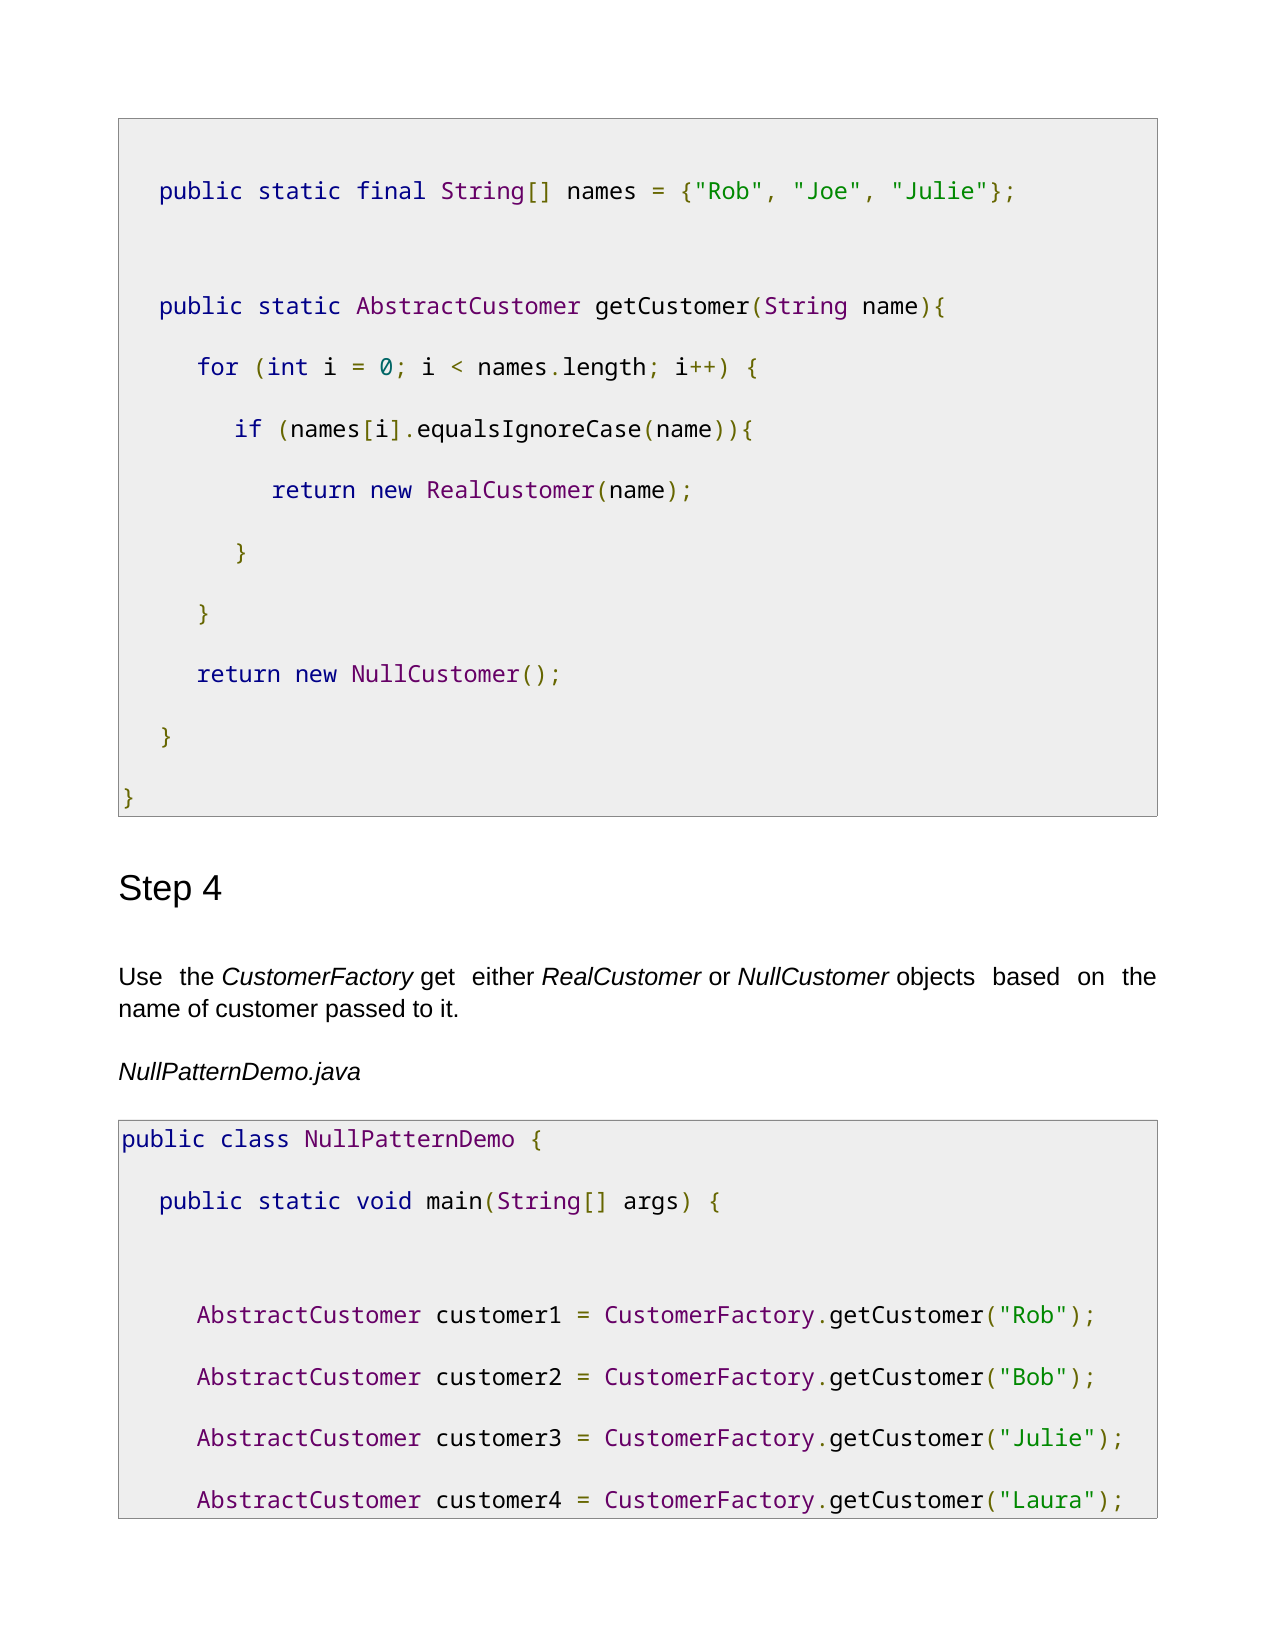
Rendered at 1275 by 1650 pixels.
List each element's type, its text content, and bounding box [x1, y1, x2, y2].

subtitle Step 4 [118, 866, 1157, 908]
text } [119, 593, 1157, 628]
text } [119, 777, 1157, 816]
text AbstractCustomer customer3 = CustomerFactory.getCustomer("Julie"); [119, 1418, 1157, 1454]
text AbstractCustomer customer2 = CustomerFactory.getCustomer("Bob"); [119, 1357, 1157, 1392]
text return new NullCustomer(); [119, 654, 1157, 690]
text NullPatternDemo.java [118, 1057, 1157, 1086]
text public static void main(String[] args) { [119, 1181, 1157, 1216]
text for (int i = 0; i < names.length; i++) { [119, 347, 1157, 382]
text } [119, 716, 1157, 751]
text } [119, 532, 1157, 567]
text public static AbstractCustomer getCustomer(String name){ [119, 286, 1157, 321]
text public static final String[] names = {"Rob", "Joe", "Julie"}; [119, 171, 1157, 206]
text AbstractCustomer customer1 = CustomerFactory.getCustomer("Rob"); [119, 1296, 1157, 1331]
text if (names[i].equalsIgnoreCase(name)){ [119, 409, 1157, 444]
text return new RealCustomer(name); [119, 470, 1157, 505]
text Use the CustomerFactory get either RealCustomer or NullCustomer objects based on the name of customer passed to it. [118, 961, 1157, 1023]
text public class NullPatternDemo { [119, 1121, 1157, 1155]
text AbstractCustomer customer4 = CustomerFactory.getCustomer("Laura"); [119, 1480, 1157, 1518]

···

#### THE PROBLEM:
From the records, copy every line that has the string "RealCustomer" in it.

#### RESULT OF THIS TASK:
text return new RealCustomer(name); [119, 470, 1157, 505]
text Use the CustomerFactory get either RealCustomer or NullCustomer objects based on the name of customer passed to it. [118, 961, 1157, 1023]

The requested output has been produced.